This is the first version of the notebook. Use this newer version instead: https://colab.research.google.com/drive/1CTtUGg05-2MtlWmfJhqzLTtkDDaxCDOQ

# DiffDock
Dock a PDB files and a SMILES with [DiffDock](https://github.com/gcorso/DiffDock).

Select Runtime / Run all to run an example PDB file and SMILES.

May require "premium GPU" (colab pro), and even then it may fail on large complexes.

In [None]:
#@title PDB + SMILES input

PDB_id = '' #@param {type:"string"}
SMILES_or_pubchem_id = '' #@param {type:"string"}

#@markdown Download a tar file containing all results?
download_results = True #@param {type:"boolean"}

In [None]:
import os
import requests
import time
from random import random

def download_pdb_file(pdb_id: str) -> str:
    """Download pdb file as a string from rcsb.org"""
    PDB_DIR ="/tmp/pdb/"
    os.makedirs(PDB_DIR, exist_ok=True)

    # url or pdb_id
    if pdb_id.startswith('http'):
        url = pdb_id
        filename = url.split('/')[-1]
    else:
        url = f"http://files.rcsb.org/view/{pdb_id}.pdb"
        filename = f'{pdb_id}.pdb'

    cache_path = os.path.join(PDB_DIR, filename)
    if os.path.exists(cache_path):
        return cache_path

    pdb_req = requests.get(url)
    pdb_req.raise_for_status()
    open(cache_path, 'w').write(pdb_req.text)
    return cache_path

def download_smiles_str(pubchem_id: str, retries:int = 2) -> str:
    """Given a pubchem id, get a smiles string"""
    while True:
        req = requests.get(f"https://pubchem.ncbi.nlm.nih.gov/rest/pug/compound/CID/{pubchem_id}/property/CanonicalSMILES/CSV")
        smiles_url_csv = req.text if req.status_code == 200 else None
        if smiles_url_csv is not None:
            break
        if retries == 0:
            return None
        time.sleep(1+random())
        retries -= 1

    return smiles_url_csv.splitlines()[1].split(',')[1].strip('"').strip("'") if smiles_url_csv is not None else None

In [None]:
if not PDB_id or not SMILES_or_pubchem_id:
    PDB_id = "6agt"
    SMILES_or_pubchem_id = "COc(cc1)ccc1C#N"
    print(f"No input supplied. Using example data: {PDB_id} and {SMILES_or_pubchem_id}")

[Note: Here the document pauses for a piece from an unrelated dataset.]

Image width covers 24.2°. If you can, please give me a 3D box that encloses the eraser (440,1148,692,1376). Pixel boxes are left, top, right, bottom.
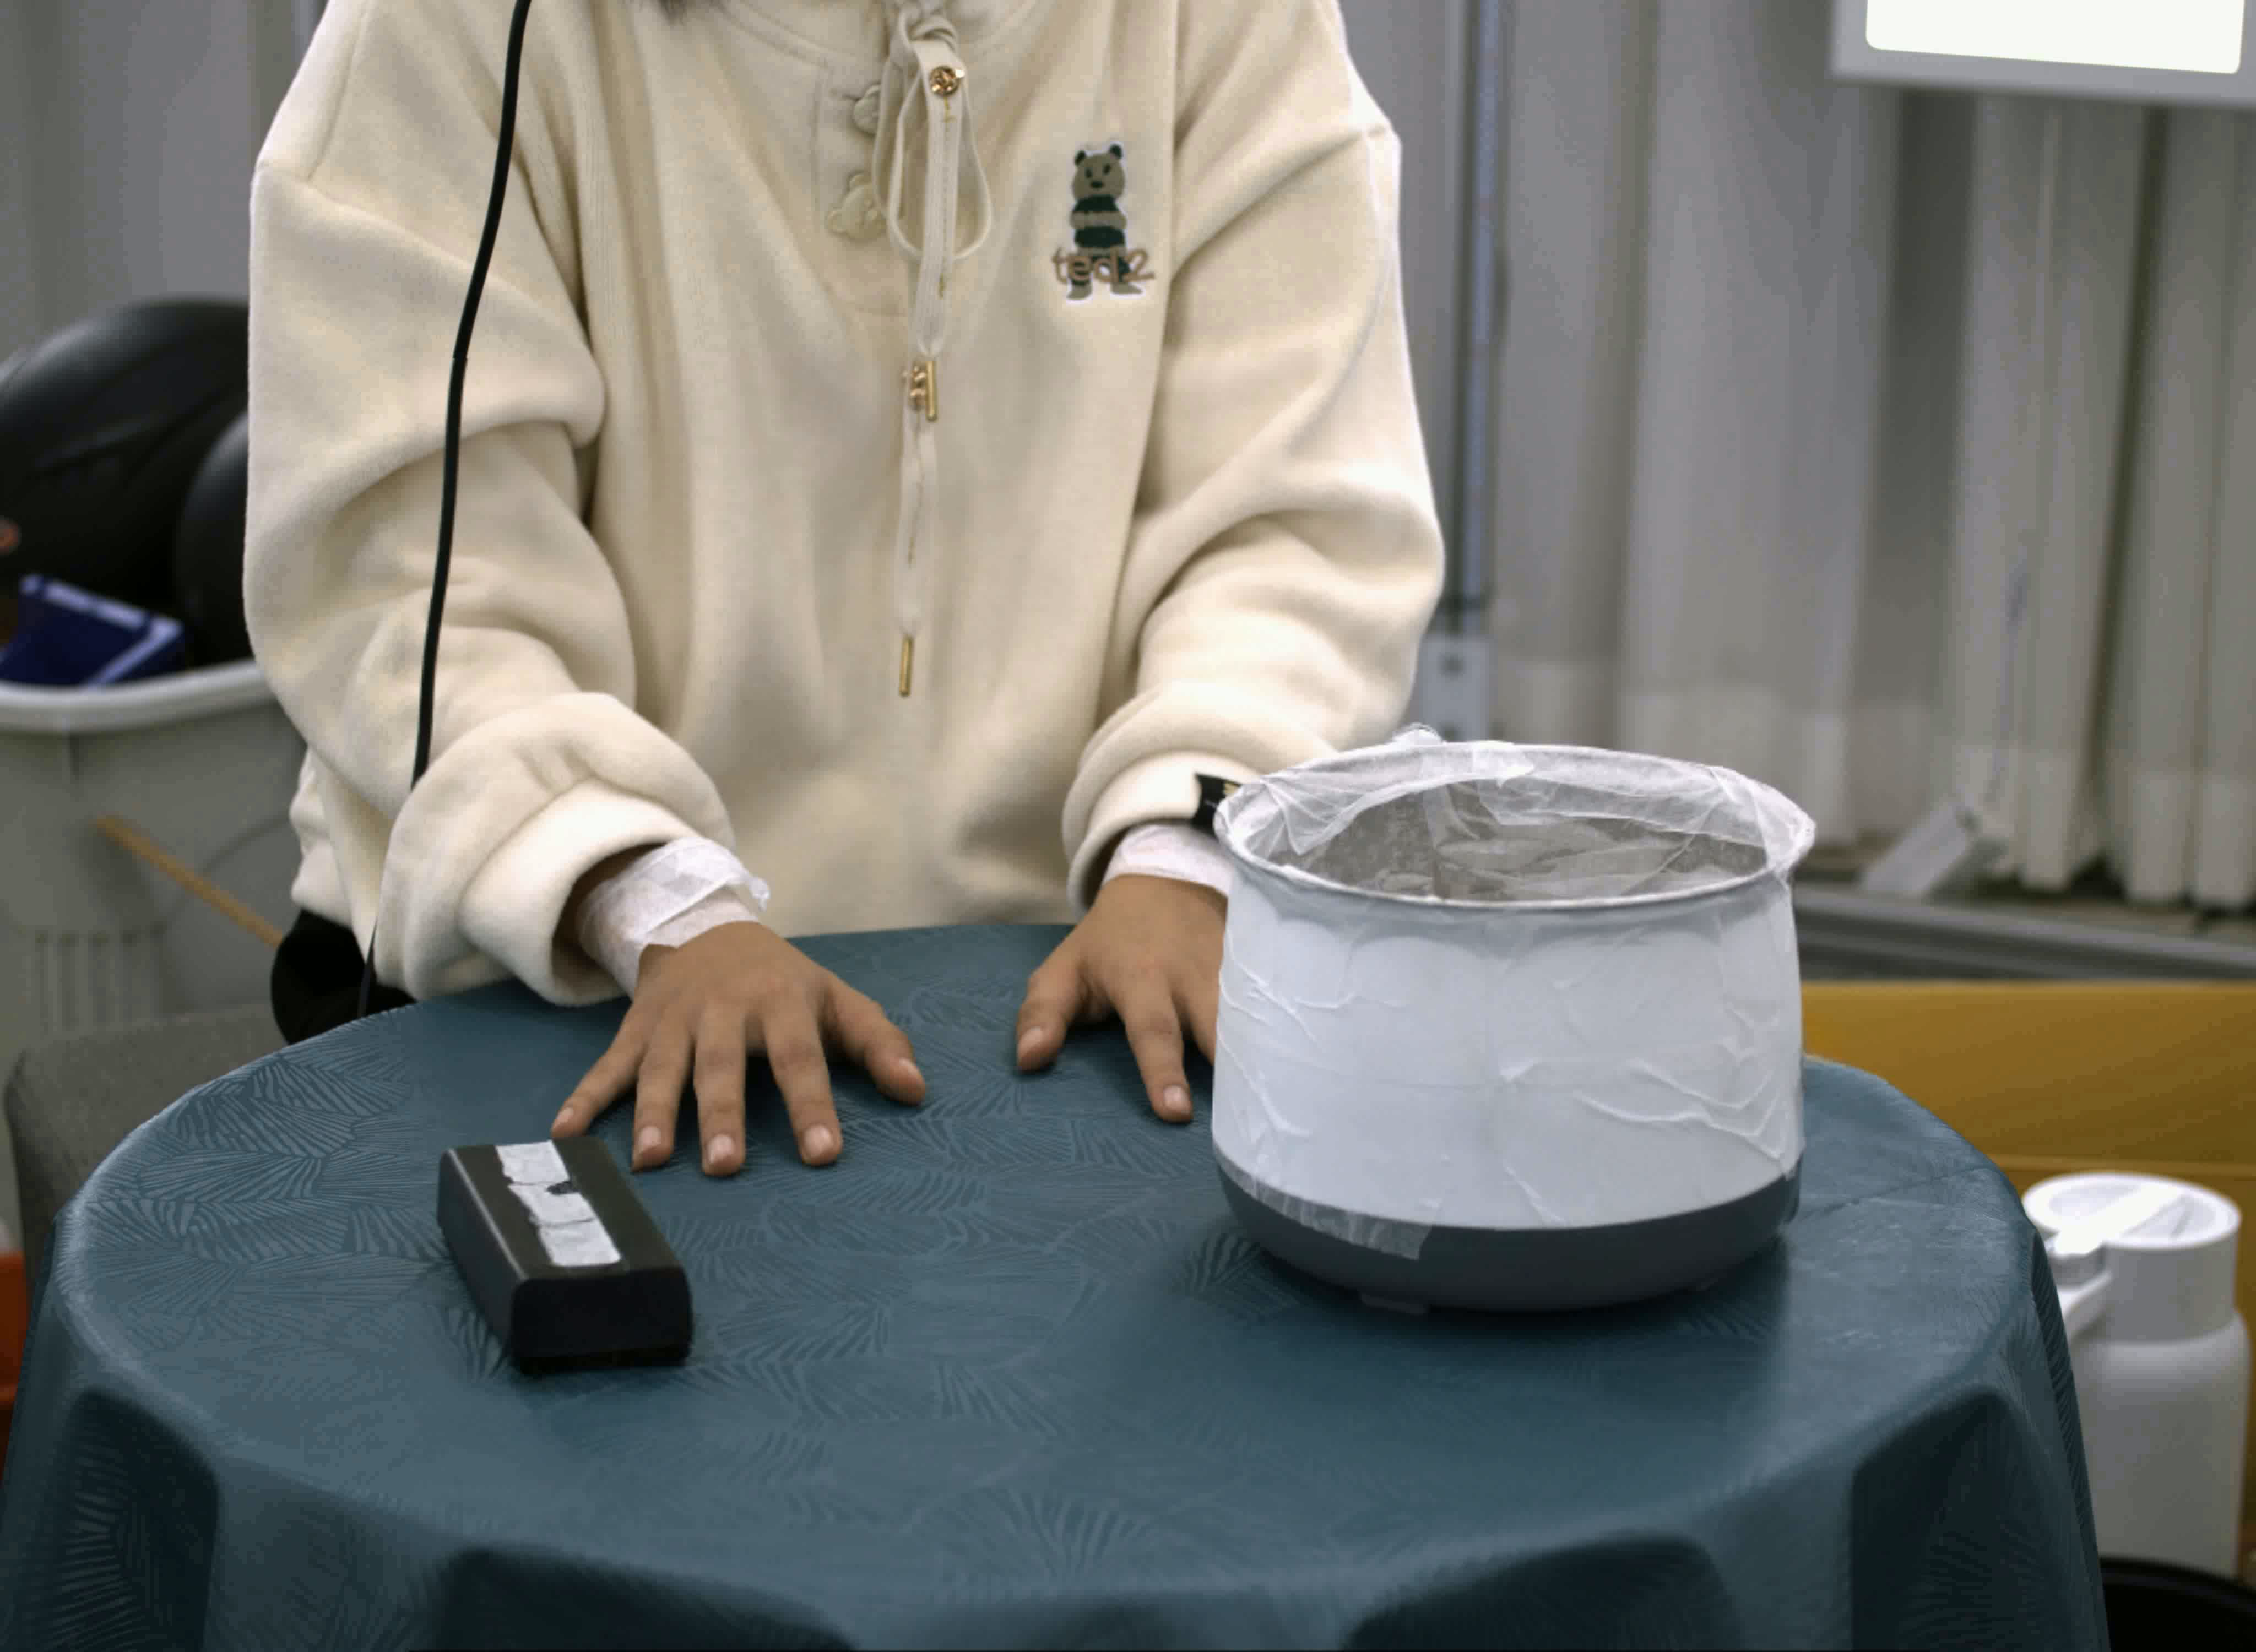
[{"bbox_3d":[-0.163,0.125,1.521,0.053,0.031,0.124,-4,15,-16],"label":"eraser"}]

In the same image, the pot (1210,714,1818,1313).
[{"bbox_3d":[0.105,0.051,1.585,0.179,0.138,0.231,-4,17,-15],"label":"pot"}]

# to run many PDB+smiles at once, fill in a list of PDB_files and smiles here...
pdb_files = [download_pdb_file(PDB_id)]
smiless = [download_smiles_str(SMILES_or_pubchem_id) if str(SMILES_or_pubchem_id).isnumeric() else SMILES_or_pubchem_id]

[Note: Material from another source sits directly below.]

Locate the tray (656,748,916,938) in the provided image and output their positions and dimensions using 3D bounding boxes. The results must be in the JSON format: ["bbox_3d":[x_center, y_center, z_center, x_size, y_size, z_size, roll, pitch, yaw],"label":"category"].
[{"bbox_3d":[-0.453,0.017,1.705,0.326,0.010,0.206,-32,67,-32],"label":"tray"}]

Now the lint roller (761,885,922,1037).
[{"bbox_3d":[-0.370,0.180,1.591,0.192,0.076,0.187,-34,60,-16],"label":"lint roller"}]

with open("/tmp/input_protein_ligand.csv", 'w') as out:
    out.write("protein_path,ligand\n")
    for pdb_file in pdb_files:
        for smiles in smiless:
            out.write(f"{pdb_file},{smiles}\n")

## Install prerequisites

In [None]:
!pip install ipython-autotime
%load_ext autotime

In [None]:
if not os.path.exists("/content/DiffDock"):
    %cd /content
    !git clone https://github.com/gcorso/DiffDock.git
    %cd /content/DiffDock
    !git checkout 0f9c419 # remove/update for more up to date code

In [None]:
!pip install pyg==0.7.1 --quiet
!pip install pyyaml==6.0 --quiet
!pip install scipy==1.7.3 --quiet
!pip install networkx==2.6.3 --quiet
!pip install biopython==1.79 --quiet
!pip install rdkit-pypi==2022.03.5 --quiet
!pip install e3nn==0.5.0 --quiet
!pip install spyrmsd==0.5.2 --quiet
!pip install pandas==1.3.5 --quiet
!pip install biopandas==0.4.1 --quiet
!pip install torch==1.12.1+cu113 --quiet

In [None]:
import torch

try:
    import torch_geometric
except ModuleNotFoundError:
    !pip uninstall torch-scatter torch-sparse torch-geometric torch-cluster  --y
    !pip install torch-scatter -f https://data.pyg.org/whl/torch-{torch.__version__}.html --quiet
    !pip install torch-sparse -f https://data.pyg.org/whl/torch-{torch.__version__}.html --quiet
    !pip install torch-cluster -f https://data.pyg.org/whl/torch-{torch.__version__}.html --quiet
    !pip install git+https://github.com/pyg-team/pytorch_geometric.git  --quiet # no version for some reason??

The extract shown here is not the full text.